Prompt> Search the records for "between". Report every line where it occurs.

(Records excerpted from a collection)
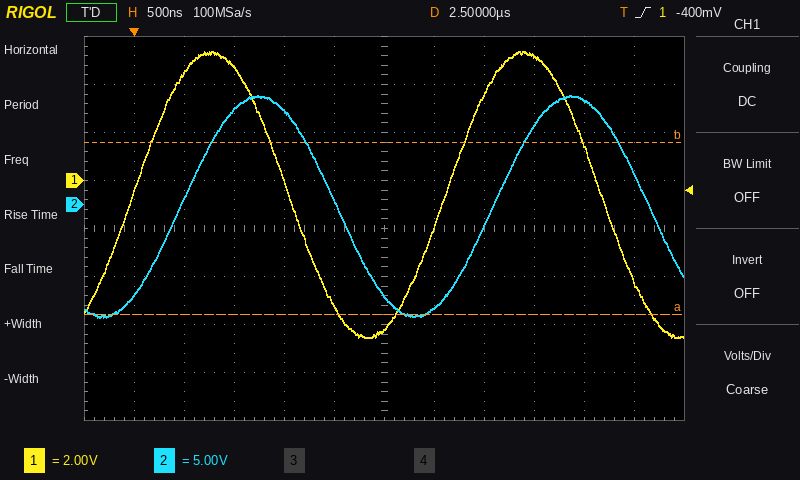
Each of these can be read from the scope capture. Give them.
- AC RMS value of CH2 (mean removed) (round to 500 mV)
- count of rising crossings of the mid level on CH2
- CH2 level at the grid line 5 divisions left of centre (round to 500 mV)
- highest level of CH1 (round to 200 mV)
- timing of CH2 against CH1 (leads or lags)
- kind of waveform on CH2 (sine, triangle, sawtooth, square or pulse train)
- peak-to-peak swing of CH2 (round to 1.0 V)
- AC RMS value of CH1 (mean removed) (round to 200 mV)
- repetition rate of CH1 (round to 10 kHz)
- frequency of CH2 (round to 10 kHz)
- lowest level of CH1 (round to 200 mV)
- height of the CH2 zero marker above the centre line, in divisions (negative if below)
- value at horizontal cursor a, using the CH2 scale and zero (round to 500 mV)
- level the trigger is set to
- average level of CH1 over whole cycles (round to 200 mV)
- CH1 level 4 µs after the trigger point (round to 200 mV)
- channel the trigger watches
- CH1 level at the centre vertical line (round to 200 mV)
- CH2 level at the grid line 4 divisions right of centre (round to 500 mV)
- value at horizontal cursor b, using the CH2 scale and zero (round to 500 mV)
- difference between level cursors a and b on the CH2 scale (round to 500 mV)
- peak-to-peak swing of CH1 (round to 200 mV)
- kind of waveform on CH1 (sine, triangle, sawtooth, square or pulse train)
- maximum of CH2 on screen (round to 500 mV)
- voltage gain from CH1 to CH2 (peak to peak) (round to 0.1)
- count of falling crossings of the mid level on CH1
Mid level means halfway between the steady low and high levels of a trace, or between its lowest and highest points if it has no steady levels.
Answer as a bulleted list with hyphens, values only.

- 8.0 V
- 2
- -9.5 V
- 5.4 V
- lags
- sine
- 23.0 V
- 4.2 V
- 320 kHz
- 320 kHz
- -6.6 V
- +0.5 div
- -11.5 V
- -400 mV
- -600 mV
- 5.2 V
- CH1
- -6.2 V
- 11.0 V
- 6.5 V
- 18.0 V
- 12.0 V
- sine
- 11.5 V
- 1.9
- 2

Result of this task>
- difference between level cursors a and b on the CH2 scale (round to 500 mV)
Mid level means halfway between the steady low and high levels of a trace, or between its lowest and highest points if it has no steady levels.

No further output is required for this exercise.